Craig Brown's Mellors became a "high class bloody grocer''. In Lady Chatterley's Confession, he doesn't even have to work out how to use a till as Constance finds him a job as gamekeeper on Count Bellaggri's estate in Florence. The book traces the decline of the couple's relationship and Connie's eventual replacement of Mellors with Kurt Lehmann, a German Jew at risk from persecution in fascist Italy. At the end of the original, Connie waits to marry Mellors. At the end of Feinstein's sequel, she waits to marry Kurt. The next sequel will presumably find a wizened Connie still waiting, needlework in hand...
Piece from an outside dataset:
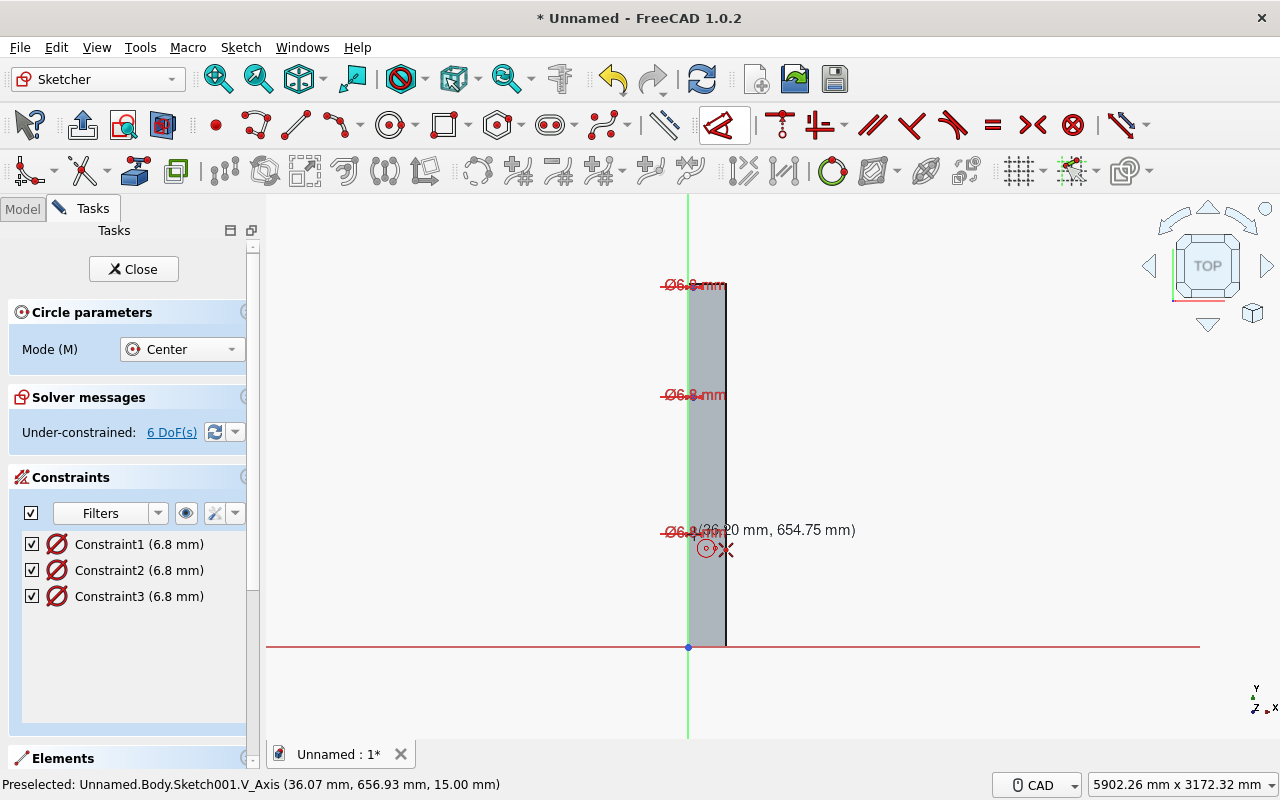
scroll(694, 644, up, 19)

A Lawrence scholar, Feinstein seems at first to have created a genuinely Lawrentian artefact. Her Mellors taps Lawrence's apocalyptic tune: "It'll have to be blown up," he tells a captive audience during an earnest post- prandial discussion. "And then maybe we can build a society on the ruins." The cycle of violent arguments and passionate reconciliations also pays homage to a Lawrentian belief in "strife'' between partners. Feinstein recycles themes from the author's whole canon: this is not so much a sequel as a collage of Lawrence's work. Mellors's charged relationship with Emily recalls Will's intensity with his daughter Ursula in The Rainbow, and his habit of "throwing ideas about'' with local fascists is indebted to Lawrence's tedious Kangaroo, where Harriet and Somers emigrate to Australia and become embroiled with a fascist leader.
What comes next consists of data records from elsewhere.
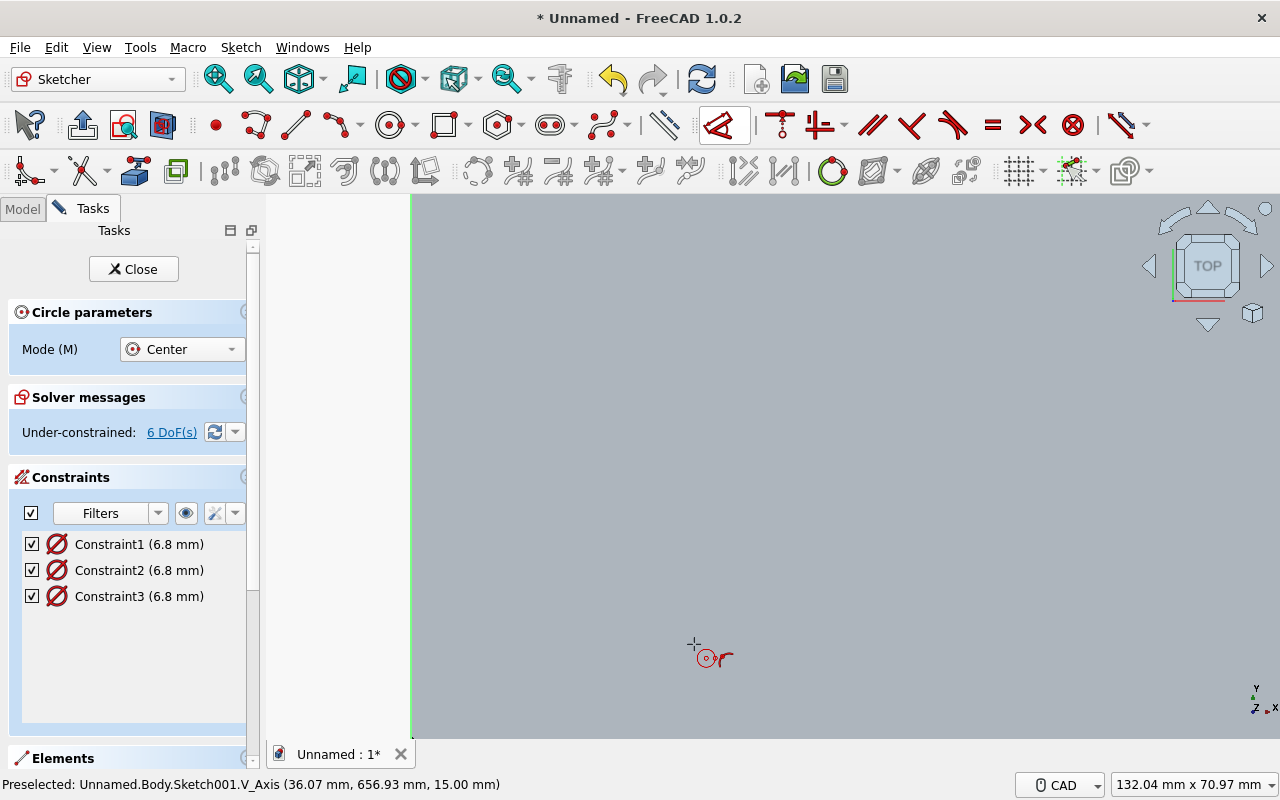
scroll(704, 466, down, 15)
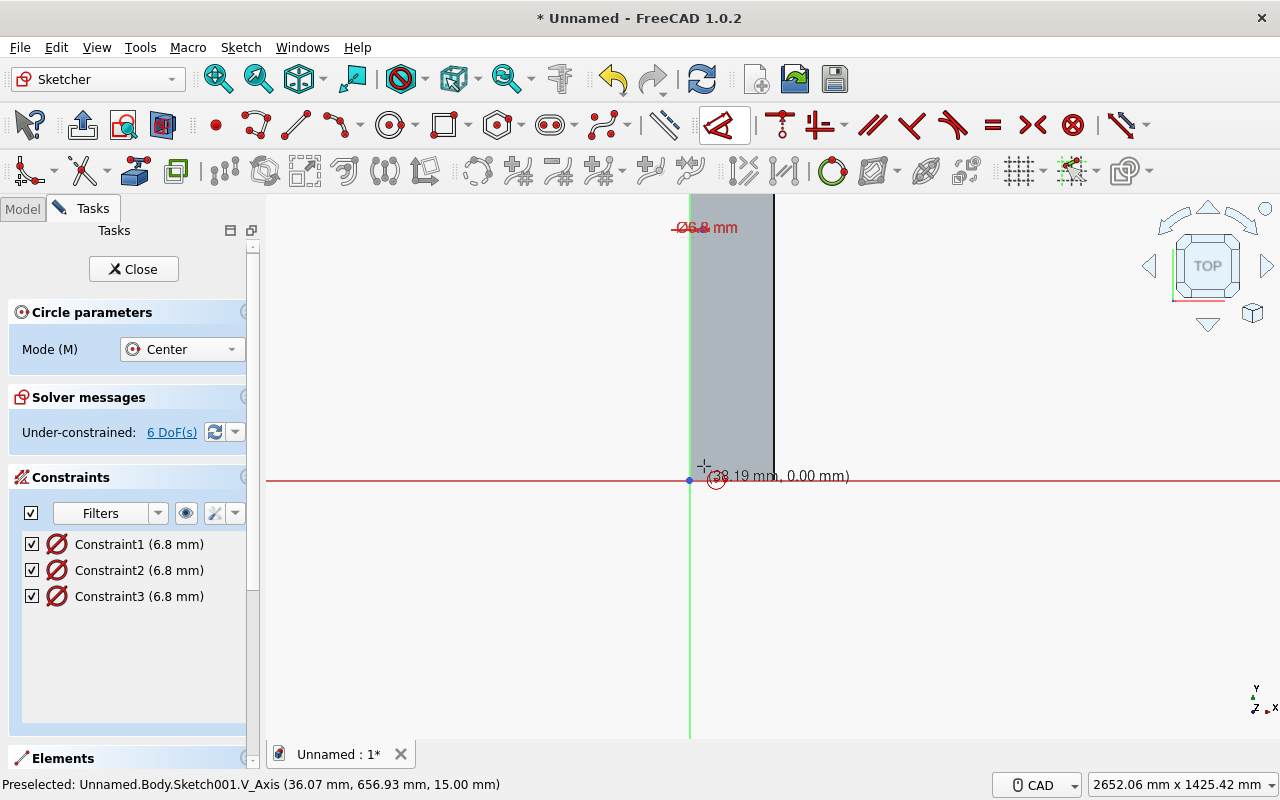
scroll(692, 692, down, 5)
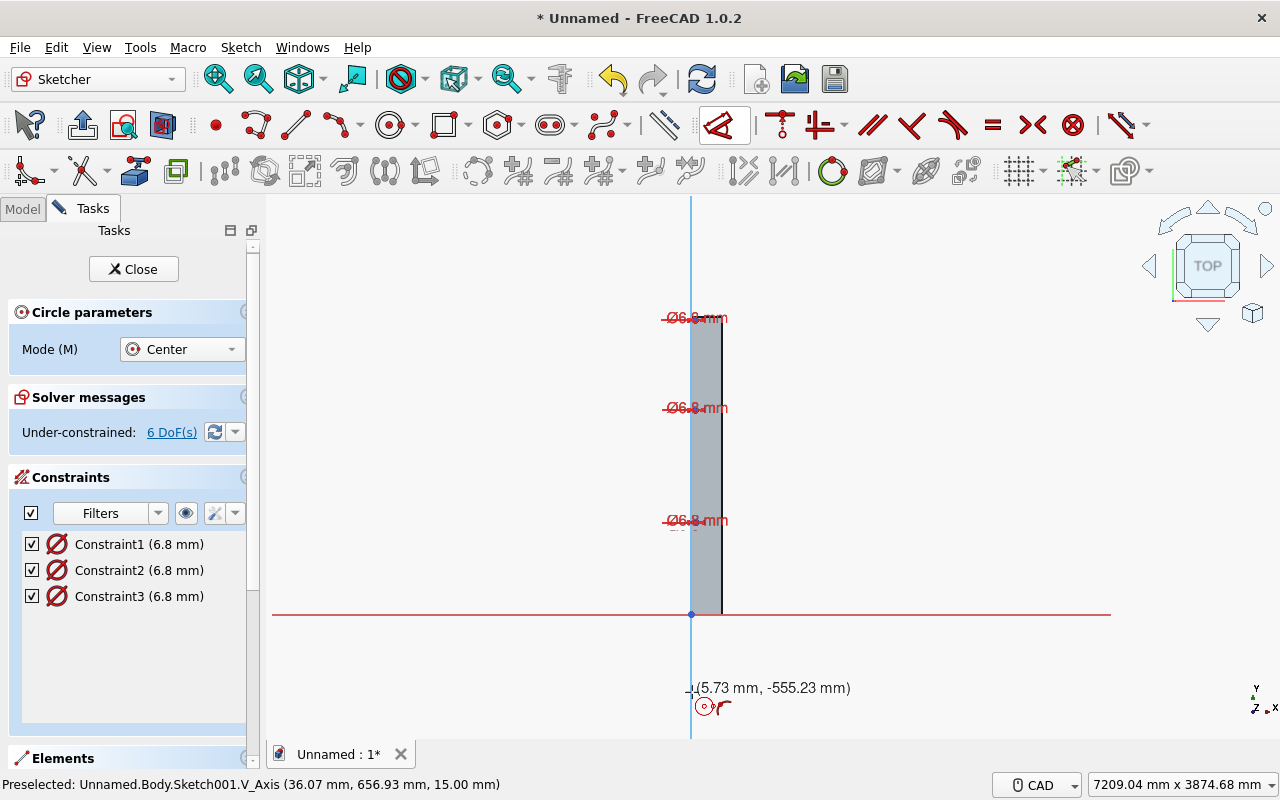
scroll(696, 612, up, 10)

While Feinstein rehashes her predecessor's plots, her style is more Hemingway than Lawrence: "The face was closed to me. Angry.'' Or: "I had no lies prepared for such a casual meeting. What to invent?'' Readers may be relieved to escape Lawrence's purple prose, but Feinstein's idiom is bland by comparison, and her imagery is uninspired. Hilda, for example, is "as elegant as a pencil''. Thin, maybe, but elegant? Unlike Lawrence, Feinstein is evasive about sex: "I could feel his body pressing against my own'', Connie coyly confesses before the curtain comes down at the end of the chapter. The earlier heroine by contrast "felt his penis risen against her with silent amazing force and assertion and she let herself go to him''. Feinstein doesn't let herself go to Lawrence.
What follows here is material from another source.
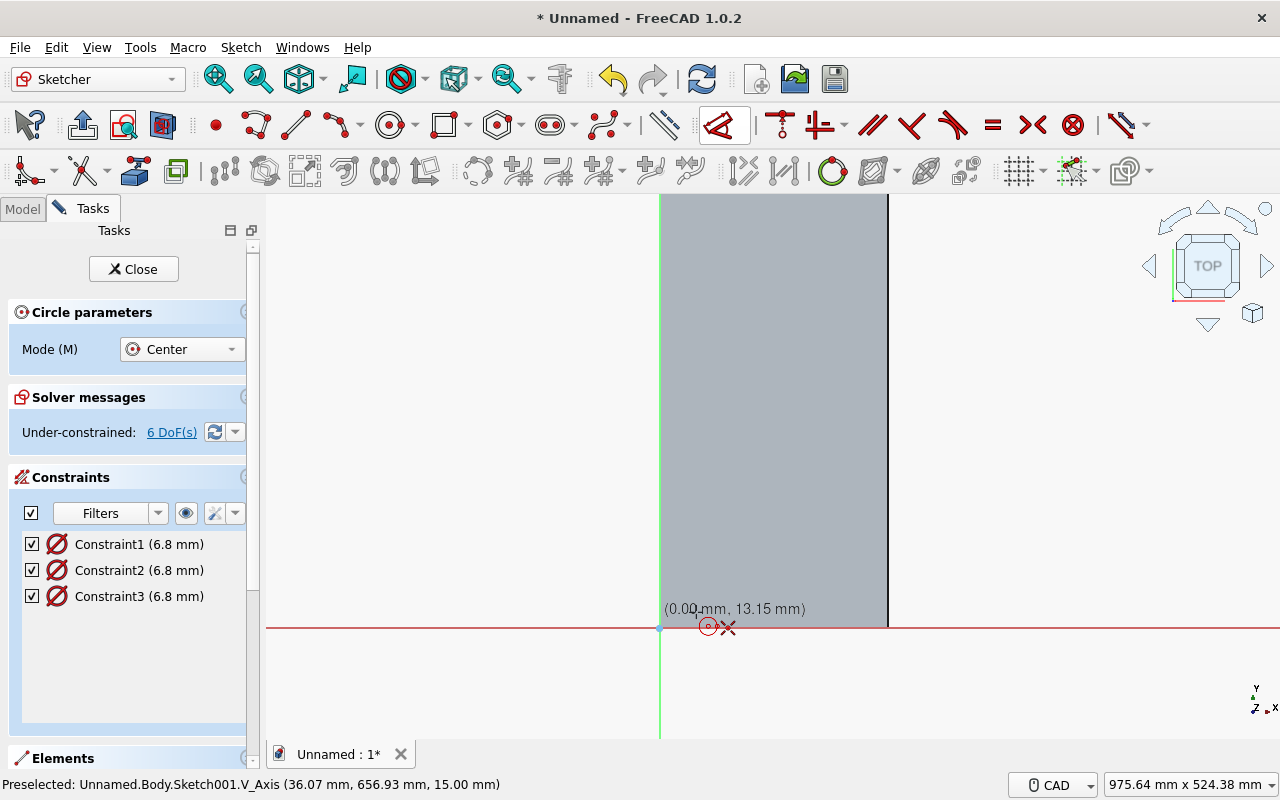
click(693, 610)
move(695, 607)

Instead, she exorcises him. Mellors dies and the cult of the phallus dies with him. Connie's speculation that his emotional problems stem from an upbringing scarred by physical violence suggests Feinstein has rewritten Lawrence for a politically correct age. Should we conclude that Connie's admission, "all I ever wanted was to love and be loved'', points to child abuse? Creating a Lawrence for the Nineties is laudable, but it doesn't come off. Feinstein lays her book at Lawrence's shrine, but makes it clear that her idol is tarnished.